**DESCRIPTION OF THE TASK**. Among the lines below, a stretch begins at the one with "(2085.33, 721.52), dxfattribs=at)" and ends at the one with "(2066.68, 722.66), dxfattribs=at)". Repeat that stretch exactly, ends included.

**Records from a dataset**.
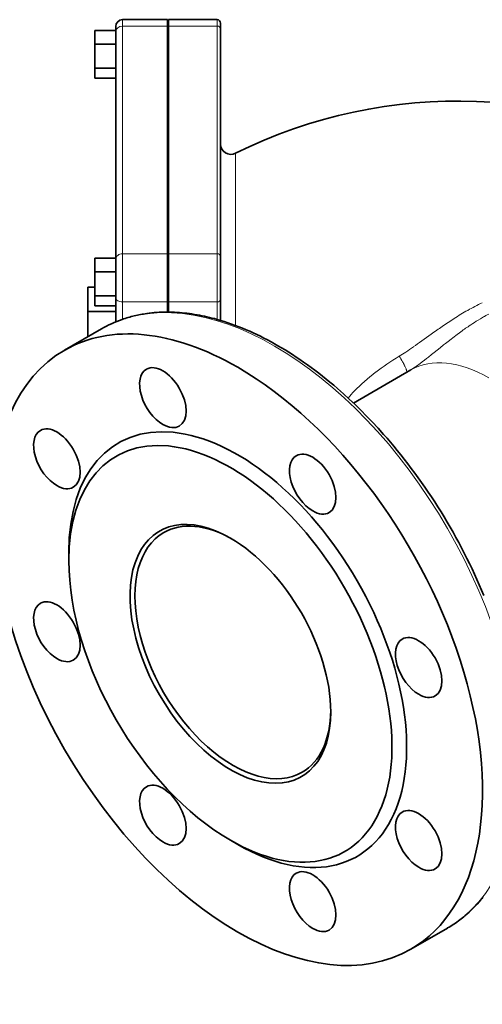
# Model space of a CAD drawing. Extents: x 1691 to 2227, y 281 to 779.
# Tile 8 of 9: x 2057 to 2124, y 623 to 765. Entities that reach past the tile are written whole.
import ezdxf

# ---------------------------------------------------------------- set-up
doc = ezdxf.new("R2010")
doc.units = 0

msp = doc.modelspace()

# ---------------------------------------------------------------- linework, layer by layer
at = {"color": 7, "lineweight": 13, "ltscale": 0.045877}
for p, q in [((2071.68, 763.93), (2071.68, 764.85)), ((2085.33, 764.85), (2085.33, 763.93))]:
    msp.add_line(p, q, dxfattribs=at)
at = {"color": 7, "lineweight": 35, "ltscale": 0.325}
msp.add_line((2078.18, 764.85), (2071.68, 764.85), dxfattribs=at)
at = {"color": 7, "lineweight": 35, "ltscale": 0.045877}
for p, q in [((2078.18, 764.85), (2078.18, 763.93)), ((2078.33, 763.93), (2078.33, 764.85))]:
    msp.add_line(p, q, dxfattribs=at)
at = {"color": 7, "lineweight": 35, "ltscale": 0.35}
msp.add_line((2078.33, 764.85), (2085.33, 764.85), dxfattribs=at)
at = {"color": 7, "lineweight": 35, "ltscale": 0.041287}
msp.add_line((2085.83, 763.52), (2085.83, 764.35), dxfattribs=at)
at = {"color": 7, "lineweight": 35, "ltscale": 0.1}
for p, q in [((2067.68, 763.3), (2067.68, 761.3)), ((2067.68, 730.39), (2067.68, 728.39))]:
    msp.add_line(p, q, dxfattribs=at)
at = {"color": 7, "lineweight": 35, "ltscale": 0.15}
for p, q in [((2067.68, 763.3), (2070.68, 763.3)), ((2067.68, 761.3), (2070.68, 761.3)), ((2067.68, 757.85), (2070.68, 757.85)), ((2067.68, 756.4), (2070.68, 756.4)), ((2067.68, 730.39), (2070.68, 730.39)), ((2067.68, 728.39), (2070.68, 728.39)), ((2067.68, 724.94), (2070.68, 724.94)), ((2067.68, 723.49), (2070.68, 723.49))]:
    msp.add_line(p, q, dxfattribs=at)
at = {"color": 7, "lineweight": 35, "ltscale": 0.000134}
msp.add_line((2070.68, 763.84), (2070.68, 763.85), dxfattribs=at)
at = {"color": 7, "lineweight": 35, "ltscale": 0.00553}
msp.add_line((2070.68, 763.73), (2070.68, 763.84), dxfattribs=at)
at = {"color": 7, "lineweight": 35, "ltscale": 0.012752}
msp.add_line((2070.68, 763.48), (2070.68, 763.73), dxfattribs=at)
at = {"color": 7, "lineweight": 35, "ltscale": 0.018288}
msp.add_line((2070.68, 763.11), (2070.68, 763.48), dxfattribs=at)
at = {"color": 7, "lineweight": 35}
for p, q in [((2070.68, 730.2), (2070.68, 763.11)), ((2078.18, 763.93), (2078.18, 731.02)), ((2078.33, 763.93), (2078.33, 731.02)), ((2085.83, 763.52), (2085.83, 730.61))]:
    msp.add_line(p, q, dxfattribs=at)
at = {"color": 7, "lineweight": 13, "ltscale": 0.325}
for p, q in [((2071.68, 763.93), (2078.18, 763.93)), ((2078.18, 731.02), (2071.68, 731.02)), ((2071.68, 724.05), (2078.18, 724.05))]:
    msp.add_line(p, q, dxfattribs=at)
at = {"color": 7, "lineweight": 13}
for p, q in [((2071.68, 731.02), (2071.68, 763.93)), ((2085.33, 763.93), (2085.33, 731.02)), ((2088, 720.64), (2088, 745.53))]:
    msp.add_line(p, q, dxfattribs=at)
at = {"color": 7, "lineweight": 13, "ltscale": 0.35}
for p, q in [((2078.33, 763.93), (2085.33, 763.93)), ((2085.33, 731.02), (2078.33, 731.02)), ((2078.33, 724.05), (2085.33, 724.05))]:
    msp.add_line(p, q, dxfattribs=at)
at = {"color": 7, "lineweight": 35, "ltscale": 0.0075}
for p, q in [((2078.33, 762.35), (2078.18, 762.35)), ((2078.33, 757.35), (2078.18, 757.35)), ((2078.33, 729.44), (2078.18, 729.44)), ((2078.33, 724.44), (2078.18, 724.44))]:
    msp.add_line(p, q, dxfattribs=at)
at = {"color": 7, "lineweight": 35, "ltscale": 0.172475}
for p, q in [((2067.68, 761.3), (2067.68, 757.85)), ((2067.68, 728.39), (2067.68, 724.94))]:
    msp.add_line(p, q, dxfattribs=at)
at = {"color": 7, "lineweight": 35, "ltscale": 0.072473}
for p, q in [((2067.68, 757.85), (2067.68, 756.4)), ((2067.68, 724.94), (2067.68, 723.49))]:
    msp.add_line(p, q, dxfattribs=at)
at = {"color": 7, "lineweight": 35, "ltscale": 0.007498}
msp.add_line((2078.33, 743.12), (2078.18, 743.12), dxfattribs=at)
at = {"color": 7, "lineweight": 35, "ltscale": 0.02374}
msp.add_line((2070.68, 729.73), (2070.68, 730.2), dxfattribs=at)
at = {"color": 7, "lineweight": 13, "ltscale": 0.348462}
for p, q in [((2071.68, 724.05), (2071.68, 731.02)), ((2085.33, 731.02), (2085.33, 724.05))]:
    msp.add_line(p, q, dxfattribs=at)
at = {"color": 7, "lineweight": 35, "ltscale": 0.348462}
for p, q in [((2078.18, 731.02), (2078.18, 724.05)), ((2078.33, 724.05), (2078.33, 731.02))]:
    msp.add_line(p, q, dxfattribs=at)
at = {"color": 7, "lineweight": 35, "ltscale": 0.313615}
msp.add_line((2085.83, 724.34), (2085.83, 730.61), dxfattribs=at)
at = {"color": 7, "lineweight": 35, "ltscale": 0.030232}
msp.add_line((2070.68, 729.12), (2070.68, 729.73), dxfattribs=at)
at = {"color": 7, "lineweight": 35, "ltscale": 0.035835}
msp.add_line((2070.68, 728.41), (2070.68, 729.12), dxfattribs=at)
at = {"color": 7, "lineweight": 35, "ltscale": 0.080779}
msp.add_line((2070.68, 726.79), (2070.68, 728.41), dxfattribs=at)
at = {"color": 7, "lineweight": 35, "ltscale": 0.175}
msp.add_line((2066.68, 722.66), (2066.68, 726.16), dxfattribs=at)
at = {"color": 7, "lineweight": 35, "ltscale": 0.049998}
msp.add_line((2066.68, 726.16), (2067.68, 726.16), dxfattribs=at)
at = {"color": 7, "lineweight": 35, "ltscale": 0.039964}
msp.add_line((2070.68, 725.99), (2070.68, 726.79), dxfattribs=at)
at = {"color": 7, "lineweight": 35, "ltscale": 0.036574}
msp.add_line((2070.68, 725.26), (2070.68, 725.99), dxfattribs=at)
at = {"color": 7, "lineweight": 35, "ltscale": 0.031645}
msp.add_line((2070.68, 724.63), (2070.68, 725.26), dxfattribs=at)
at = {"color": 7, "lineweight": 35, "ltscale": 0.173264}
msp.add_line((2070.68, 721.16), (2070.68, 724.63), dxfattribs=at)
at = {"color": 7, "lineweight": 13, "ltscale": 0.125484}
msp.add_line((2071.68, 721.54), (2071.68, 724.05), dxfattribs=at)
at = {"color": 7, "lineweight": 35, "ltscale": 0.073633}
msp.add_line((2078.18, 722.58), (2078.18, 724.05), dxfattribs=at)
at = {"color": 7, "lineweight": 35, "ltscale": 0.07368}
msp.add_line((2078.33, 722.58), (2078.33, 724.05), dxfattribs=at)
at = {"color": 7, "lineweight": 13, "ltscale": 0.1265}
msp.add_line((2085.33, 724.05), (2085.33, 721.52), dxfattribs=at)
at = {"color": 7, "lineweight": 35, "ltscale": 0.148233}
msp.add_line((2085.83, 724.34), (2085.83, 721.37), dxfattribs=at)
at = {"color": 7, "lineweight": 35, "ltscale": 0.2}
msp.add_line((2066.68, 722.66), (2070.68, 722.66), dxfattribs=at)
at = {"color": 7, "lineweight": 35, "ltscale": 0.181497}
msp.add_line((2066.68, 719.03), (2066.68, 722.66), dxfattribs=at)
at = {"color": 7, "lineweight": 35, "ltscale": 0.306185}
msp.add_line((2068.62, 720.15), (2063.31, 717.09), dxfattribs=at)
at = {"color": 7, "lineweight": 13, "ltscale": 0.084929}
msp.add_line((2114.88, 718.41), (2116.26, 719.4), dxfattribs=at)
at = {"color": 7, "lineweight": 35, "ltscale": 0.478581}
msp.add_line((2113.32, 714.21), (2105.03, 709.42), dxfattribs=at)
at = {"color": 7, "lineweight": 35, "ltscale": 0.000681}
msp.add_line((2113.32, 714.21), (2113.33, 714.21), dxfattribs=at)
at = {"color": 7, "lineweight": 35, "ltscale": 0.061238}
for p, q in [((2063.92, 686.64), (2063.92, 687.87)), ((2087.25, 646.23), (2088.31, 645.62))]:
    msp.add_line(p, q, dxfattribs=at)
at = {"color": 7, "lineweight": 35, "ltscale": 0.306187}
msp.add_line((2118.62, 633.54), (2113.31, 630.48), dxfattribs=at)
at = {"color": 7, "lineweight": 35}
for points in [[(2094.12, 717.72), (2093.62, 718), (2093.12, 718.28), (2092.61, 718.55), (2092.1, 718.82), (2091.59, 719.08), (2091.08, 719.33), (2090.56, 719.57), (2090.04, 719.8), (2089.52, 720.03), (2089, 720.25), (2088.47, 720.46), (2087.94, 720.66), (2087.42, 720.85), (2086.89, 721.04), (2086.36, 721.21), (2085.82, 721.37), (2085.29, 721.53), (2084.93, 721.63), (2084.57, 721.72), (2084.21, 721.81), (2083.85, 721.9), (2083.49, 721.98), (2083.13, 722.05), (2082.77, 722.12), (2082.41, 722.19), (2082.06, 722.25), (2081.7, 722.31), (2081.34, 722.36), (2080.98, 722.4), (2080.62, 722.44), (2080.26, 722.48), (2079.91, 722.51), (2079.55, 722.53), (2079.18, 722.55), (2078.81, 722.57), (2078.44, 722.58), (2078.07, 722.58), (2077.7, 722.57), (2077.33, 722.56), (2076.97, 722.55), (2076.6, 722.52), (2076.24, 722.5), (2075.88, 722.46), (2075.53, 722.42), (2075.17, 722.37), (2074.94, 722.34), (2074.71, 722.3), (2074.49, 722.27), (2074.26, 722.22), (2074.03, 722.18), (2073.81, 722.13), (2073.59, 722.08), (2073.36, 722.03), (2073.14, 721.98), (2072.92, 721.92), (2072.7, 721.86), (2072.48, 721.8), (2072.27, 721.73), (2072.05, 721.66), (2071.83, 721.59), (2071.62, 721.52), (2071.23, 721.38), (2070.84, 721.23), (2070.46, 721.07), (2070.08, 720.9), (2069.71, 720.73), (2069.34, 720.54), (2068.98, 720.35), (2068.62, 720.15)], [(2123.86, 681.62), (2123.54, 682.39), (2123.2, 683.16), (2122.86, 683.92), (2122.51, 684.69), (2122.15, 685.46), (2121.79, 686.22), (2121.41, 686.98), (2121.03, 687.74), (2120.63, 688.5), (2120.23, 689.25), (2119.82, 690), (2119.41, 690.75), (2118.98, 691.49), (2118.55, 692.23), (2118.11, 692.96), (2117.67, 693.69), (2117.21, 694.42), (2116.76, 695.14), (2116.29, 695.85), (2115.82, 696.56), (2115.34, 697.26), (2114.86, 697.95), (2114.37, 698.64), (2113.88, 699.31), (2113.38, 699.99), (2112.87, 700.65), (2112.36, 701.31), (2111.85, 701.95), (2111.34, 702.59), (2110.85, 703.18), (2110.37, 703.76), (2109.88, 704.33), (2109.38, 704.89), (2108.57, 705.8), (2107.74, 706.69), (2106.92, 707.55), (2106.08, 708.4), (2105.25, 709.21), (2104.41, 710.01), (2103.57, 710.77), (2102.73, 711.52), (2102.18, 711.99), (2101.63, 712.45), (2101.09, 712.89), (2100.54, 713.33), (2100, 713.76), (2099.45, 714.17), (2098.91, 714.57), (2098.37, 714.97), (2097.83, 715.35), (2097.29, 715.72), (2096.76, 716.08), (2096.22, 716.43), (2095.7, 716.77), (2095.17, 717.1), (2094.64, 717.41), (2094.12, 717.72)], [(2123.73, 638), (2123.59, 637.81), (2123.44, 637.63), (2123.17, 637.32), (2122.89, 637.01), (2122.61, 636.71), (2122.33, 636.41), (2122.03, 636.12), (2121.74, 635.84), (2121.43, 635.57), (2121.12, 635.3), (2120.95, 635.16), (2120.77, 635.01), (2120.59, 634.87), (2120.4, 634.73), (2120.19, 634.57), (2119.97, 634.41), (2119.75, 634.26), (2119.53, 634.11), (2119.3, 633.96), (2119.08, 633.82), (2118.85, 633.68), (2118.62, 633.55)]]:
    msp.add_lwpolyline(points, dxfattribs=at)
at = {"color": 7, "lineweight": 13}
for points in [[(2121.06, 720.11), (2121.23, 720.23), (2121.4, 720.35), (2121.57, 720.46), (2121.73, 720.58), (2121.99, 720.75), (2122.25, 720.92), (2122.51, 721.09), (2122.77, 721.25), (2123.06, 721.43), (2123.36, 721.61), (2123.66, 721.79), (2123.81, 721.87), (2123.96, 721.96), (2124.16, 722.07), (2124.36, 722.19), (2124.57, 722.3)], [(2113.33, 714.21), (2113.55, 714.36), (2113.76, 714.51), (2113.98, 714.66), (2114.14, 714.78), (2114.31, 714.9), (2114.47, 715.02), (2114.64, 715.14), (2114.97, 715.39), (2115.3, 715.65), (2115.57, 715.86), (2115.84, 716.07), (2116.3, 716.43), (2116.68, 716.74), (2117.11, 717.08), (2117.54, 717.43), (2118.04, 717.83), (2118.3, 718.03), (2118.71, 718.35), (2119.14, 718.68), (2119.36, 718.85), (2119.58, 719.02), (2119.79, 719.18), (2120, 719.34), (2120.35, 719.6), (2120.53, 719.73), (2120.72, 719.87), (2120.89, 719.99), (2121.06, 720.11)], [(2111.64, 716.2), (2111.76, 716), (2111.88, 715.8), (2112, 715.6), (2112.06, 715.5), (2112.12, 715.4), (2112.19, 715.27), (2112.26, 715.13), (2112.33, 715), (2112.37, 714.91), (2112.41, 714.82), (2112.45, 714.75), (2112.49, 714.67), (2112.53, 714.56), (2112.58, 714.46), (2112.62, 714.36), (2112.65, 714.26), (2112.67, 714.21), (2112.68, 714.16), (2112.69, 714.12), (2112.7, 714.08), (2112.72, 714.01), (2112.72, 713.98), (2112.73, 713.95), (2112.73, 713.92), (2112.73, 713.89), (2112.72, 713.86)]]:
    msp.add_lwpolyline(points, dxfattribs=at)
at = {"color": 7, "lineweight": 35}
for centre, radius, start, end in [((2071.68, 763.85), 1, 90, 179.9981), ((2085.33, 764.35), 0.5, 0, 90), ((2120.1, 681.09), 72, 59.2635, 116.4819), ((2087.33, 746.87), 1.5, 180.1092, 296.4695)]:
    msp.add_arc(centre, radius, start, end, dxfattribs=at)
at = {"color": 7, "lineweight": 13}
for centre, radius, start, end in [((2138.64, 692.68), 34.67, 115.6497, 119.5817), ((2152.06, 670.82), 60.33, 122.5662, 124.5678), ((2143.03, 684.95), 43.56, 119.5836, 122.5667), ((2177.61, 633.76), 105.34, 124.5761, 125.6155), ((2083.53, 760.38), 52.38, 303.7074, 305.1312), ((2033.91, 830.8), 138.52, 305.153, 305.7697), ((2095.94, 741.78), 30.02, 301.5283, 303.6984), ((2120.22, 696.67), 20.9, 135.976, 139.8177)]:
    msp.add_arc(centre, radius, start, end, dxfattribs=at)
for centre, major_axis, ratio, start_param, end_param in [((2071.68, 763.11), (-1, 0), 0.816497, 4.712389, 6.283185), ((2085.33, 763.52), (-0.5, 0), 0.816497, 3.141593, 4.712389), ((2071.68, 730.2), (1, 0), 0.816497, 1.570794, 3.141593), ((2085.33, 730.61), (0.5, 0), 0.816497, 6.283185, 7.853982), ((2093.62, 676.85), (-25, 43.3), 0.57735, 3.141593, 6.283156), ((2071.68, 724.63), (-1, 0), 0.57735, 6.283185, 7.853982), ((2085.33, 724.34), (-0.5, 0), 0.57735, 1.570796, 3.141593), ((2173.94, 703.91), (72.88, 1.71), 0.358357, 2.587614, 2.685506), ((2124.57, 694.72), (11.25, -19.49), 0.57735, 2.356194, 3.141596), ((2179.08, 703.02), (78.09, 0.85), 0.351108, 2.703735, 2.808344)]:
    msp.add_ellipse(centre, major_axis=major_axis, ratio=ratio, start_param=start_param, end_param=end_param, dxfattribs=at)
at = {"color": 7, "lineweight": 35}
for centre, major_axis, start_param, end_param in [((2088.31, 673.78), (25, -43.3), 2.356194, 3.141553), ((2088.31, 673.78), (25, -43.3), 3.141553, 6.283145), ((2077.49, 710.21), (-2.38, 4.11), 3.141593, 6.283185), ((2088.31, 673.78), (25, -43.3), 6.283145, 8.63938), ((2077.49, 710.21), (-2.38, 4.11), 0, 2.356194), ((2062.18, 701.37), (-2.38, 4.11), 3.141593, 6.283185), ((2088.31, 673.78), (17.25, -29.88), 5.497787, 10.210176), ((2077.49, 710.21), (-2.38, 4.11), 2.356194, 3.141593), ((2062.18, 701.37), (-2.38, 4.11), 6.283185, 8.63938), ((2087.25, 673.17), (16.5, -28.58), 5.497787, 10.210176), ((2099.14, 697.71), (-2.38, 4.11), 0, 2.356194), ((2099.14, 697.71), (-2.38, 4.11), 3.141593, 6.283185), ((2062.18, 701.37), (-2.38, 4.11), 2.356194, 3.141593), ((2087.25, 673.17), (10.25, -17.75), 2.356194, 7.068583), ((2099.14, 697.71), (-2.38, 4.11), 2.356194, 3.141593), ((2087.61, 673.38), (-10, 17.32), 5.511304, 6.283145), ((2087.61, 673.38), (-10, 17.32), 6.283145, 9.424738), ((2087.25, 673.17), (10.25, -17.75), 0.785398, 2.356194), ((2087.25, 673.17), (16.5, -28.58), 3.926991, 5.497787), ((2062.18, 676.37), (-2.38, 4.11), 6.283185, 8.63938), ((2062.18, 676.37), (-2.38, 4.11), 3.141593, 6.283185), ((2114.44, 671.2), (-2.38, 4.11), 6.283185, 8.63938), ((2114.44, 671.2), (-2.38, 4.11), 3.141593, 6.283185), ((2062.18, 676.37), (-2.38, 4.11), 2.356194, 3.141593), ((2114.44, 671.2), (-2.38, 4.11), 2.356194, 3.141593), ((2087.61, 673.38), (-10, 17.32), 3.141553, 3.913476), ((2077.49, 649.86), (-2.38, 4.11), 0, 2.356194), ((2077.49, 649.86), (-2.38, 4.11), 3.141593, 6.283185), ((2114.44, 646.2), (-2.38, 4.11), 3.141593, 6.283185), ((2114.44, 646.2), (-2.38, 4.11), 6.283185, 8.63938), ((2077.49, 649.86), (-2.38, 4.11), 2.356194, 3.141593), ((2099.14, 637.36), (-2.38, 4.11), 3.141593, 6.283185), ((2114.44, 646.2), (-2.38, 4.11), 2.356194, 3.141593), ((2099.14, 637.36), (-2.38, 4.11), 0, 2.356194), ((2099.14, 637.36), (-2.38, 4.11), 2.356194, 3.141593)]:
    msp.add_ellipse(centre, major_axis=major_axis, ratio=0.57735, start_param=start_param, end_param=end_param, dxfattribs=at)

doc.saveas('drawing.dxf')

**RESULT**.
msp.add_line((2085.33, 724.05), (2085.33, 721.52), dxfattribs=at)
at = {"color": 7, "lineweight": 35, "ltscale": 0.148233}
msp.add_line((2085.83, 724.34), (2085.83, 721.37), dxfattribs=at)
at = {"color": 7, "lineweight": 35, "ltscale": 0.2}
msp.add_line((2066.68, 722.66), (2070.68, 722.66), dxfattribs=at)
at = {"color": 7, "lineweight": 35, "ltscale": 0.181497}
msp.add_line((2066.68, 719.03), (2066.68, 722.66), dxfattribs=at)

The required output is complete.